Produce all the records again exactly as they stand.

#### Supplied information
::::
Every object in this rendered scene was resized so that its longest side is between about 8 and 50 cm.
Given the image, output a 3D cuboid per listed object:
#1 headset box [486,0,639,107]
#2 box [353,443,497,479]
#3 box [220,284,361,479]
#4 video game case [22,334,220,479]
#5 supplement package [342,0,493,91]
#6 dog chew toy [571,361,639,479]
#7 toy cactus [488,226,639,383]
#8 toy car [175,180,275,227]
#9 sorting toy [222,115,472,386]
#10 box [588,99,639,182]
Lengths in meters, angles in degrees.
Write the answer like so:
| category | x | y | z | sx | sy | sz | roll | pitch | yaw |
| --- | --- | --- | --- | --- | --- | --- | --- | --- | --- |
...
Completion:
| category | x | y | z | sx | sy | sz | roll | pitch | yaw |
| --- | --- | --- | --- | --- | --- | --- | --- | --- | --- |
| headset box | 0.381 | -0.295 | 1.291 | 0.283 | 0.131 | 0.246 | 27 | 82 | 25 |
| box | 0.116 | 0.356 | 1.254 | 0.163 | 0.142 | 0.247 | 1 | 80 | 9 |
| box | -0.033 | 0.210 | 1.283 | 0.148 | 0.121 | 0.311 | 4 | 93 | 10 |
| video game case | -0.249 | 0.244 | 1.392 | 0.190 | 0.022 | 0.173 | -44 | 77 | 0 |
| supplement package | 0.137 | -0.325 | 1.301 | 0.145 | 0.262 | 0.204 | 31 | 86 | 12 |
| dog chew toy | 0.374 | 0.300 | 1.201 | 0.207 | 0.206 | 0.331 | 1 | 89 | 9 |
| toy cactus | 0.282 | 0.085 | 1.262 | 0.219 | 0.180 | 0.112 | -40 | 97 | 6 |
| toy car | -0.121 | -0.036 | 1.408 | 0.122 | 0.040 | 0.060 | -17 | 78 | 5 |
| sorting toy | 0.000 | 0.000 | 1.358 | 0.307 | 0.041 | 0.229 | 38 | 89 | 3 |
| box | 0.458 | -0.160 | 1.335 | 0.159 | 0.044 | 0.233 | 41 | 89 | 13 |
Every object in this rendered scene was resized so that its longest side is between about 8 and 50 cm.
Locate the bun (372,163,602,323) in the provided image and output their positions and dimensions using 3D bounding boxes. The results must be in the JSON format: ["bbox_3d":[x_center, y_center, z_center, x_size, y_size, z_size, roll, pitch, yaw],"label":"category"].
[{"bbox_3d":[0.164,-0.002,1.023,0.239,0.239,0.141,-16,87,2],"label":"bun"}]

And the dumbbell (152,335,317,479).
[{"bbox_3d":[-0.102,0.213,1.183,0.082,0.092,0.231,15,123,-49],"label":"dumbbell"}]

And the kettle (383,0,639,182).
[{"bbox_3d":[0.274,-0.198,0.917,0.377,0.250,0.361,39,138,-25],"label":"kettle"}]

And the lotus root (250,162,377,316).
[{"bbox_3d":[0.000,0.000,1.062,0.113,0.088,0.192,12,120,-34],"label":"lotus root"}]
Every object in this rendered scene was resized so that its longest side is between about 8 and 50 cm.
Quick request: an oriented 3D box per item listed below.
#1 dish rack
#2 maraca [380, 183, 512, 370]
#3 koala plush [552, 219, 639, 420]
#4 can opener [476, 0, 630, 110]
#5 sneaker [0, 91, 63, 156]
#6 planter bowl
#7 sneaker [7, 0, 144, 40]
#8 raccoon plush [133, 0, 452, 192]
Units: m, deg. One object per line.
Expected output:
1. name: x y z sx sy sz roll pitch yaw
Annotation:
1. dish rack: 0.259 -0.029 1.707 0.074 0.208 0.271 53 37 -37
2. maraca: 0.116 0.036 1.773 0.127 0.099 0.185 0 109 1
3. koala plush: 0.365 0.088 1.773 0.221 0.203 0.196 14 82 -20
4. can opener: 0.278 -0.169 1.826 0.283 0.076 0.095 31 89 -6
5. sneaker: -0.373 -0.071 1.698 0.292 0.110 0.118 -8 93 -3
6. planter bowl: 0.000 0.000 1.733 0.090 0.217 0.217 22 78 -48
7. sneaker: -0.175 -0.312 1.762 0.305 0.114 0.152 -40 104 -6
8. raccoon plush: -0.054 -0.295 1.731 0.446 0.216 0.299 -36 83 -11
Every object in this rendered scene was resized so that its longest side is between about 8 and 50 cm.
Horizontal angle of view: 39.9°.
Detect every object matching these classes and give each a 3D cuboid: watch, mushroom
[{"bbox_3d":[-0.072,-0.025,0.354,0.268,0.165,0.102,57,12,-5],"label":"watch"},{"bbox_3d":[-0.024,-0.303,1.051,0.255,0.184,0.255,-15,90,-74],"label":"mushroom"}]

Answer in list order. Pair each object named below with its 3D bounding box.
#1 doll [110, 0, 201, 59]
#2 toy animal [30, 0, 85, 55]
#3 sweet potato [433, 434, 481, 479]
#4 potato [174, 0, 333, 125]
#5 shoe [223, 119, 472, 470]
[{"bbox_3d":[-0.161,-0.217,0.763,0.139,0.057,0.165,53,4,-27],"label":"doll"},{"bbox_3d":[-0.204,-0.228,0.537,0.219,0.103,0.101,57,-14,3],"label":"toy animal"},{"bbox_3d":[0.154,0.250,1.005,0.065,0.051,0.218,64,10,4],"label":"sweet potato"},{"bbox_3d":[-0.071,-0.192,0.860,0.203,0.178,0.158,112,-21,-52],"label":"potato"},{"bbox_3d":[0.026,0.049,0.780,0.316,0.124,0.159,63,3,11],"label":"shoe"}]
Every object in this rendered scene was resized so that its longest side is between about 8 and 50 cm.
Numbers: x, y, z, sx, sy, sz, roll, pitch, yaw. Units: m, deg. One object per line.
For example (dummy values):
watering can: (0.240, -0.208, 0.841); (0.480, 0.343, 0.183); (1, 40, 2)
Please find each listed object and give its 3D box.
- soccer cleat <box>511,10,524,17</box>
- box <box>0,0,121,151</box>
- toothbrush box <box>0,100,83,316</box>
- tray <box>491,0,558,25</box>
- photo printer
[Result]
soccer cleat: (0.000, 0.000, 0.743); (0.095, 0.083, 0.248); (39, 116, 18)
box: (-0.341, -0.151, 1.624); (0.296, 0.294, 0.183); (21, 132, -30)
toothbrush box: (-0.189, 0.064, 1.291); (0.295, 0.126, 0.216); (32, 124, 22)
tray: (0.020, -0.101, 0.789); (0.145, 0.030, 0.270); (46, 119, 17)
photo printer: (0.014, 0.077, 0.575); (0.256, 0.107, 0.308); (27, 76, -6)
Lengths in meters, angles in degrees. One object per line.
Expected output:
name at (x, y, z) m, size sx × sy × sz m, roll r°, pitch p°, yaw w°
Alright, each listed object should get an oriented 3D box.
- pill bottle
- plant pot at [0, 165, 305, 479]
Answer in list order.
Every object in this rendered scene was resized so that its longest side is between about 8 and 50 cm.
::::
#### Written response
Every object in this rendered scene was resized so that its longest side is between about 8 and 50 cm.
Given the image, output a 3D cuboid per listed object:
#1 headset box [486,0,639,107]
#2 box [353,443,497,479]
#3 box [220,284,361,479]
#4 video game case [22,334,220,479]
#5 supplement package [342,0,493,91]
#6 dog chew toy [571,361,639,479]
#7 toy cactus [488,226,639,383]
#8 toy car [175,180,275,227]
#9 sorting toy [222,115,472,386]
#10 box [588,99,639,182]
Lengths in meters, angles in degrees.
Write the answer like so:
| category | x | y | z | sx | sy | sz | roll | pitch | yaw |
| --- | --- | --- | --- | --- | --- | --- | --- | --- | --- |
...
Completion:
| category | x | y | z | sx | sy | sz | roll | pitch | yaw |
| --- | --- | --- | --- | --- | --- | --- | --- | --- | --- |
| headset box | 0.381 | -0.295 | 1.291 | 0.283 | 0.131 | 0.246 | 27 | 82 | 25 |
| box | 0.116 | 0.356 | 1.254 | 0.163 | 0.142 | 0.247 | 1 | 80 | 9 |
| box | -0.033 | 0.210 | 1.283 | 0.148 | 0.121 | 0.311 | 4 | 93 | 10 |
| video game case | -0.249 | 0.244 | 1.392 | 0.190 | 0.022 | 0.173 | -44 | 77 | 0 |
| supplement package | 0.137 | -0.325 | 1.301 | 0.145 | 0.262 | 0.204 | 31 | 86 | 12 |
| dog chew toy | 0.374 | 0.300 | 1.201 | 0.207 | 0.206 | 0.331 | 1 | 89 | 9 |
| toy cactus | 0.282 | 0.085 | 1.262 | 0.219 | 0.180 | 0.112 | -40 | 97 | 6 |
| toy car | -0.121 | -0.036 | 1.408 | 0.122 | 0.040 | 0.060 | -17 | 78 | 5 |
| sorting toy | 0.000 | 0.000 | 1.358 | 0.307 | 0.041 | 0.229 | 38 | 89 | 3 |
| box | 0.458 | -0.160 | 1.335 | 0.159 | 0.044 | 0.233 | 41 | 89 | 13 |
Every object in this rendered scene was resized so that its longest side is between about 8 and 50 cm.
Locate the bun (372,163,602,323) in the provided image and output their positions and dimensions using 3D bounding boxes. The results must be in the JSON format: ["bbox_3d":[x_center, y_center, z_center, x_size, y_size, z_size, roll, pitch, yaw],"label":"category"].
[{"bbox_3d":[0.164,-0.002,1.023,0.239,0.239,0.141,-16,87,2],"label":"bun"}]

And the dumbbell (152,335,317,479).
[{"bbox_3d":[-0.102,0.213,1.183,0.082,0.092,0.231,15,123,-49],"label":"dumbbell"}]

And the kettle (383,0,639,182).
[{"bbox_3d":[0.274,-0.198,0.917,0.377,0.250,0.361,39,138,-25],"label":"kettle"}]

And the lotus root (250,162,377,316).
[{"bbox_3d":[0.000,0.000,1.062,0.113,0.088,0.192,12,120,-34],"label":"lotus root"}]
Every object in this rendered scene was resized so that its longest side is between about 8 and 50 cm.
Quick request: an oriented 3D box per item listed below.
#1 dish rack
#2 maraca [380, 183, 512, 370]
#3 koala plush [552, 219, 639, 420]
#4 can opener [476, 0, 630, 110]
#5 sneaker [0, 91, 63, 156]
#6 planter bowl
#7 sneaker [7, 0, 144, 40]
#8 raccoon plush [133, 0, 452, 192]
Units: m, deg. One object per line.
Expected output:
1. name: x y z sx sy sz roll pitch yaw
Annotation:
1. dish rack: 0.259 -0.029 1.707 0.074 0.208 0.271 53 37 -37
2. maraca: 0.116 0.036 1.773 0.127 0.099 0.185 0 109 1
3. koala plush: 0.365 0.088 1.773 0.221 0.203 0.196 14 82 -20
4. can opener: 0.278 -0.169 1.826 0.283 0.076 0.095 31 89 -6
5. sneaker: -0.373 -0.071 1.698 0.292 0.110 0.118 -8 93 -3
6. planter bowl: 0.000 0.000 1.733 0.090 0.217 0.217 22 78 -48
7. sneaker: -0.175 -0.312 1.762 0.305 0.114 0.152 -40 104 -6
8. raccoon plush: -0.054 -0.295 1.731 0.446 0.216 0.299 -36 83 -11
Every object in this rendered scene was resized so that its longest side is between about 8 and 50 cm.
Horizontal angle of view: 39.9°.
Detect every object matching these classes and give each a 3D cuboid: watch, mushroom
[{"bbox_3d":[-0.072,-0.025,0.354,0.268,0.165,0.102,57,12,-5],"label":"watch"},{"bbox_3d":[-0.024,-0.303,1.051,0.255,0.184,0.255,-15,90,-74],"label":"mushroom"}]

Answer in list order. Pair each object named below with its 3D bounding box.
#1 doll [110, 0, 201, 59]
#2 toy animal [30, 0, 85, 55]
#3 sweet potato [433, 434, 481, 479]
#4 potato [174, 0, 333, 125]
#5 shoe [223, 119, 472, 470]
[{"bbox_3d":[-0.161,-0.217,0.763,0.139,0.057,0.165,53,4,-27],"label":"doll"},{"bbox_3d":[-0.204,-0.228,0.537,0.219,0.103,0.101,57,-14,3],"label":"toy animal"},{"bbox_3d":[0.154,0.250,1.005,0.065,0.051,0.218,64,10,4],"label":"sweet potato"},{"bbox_3d":[-0.071,-0.192,0.860,0.203,0.178,0.158,112,-21,-52],"label":"potato"},{"bbox_3d":[0.026,0.049,0.780,0.316,0.124,0.159,63,3,11],"label":"shoe"}]
Every object in this rendered scene was resized so that its longest side is between about 8 and 50 cm.
Numbers: x, y, z, sx, sy, sz, roll, pitch, yaw. Units: m, deg. One object per line.
For example (dummy values):
watering can: (0.240, -0.208, 0.841); (0.480, 0.343, 0.183); (1, 40, 2)
Please find each listed object and give its 3D box.
- soccer cleat <box>511,10,524,17</box>
- box <box>0,0,121,151</box>
- toothbrush box <box>0,100,83,316</box>
- tray <box>491,0,558,25</box>
- photo printer
[Result]
soccer cleat: (0.000, 0.000, 0.743); (0.095, 0.083, 0.248); (39, 116, 18)
box: (-0.341, -0.151, 1.624); (0.296, 0.294, 0.183); (21, 132, -30)
toothbrush box: (-0.189, 0.064, 1.291); (0.295, 0.126, 0.216); (32, 124, 22)
tray: (0.020, -0.101, 0.789); (0.145, 0.030, 0.270); (46, 119, 17)
photo printer: (0.014, 0.077, 0.575); (0.256, 0.107, 0.308); (27, 76, -6)
Lengths in meters, angles in degrees. One object per line.
Expected output:
name at (x, y, z) m, size sx × sy × sz m, roll r°, pitch p°, yaw w°
Alright, each listed object should get an oriented 3D box.
- pill bottle
- plant pot at [0, 165, 305, 479]
Answer in list order.
Every object in this rendered scene was resized so that its longest side is between about 8 and 50 cm.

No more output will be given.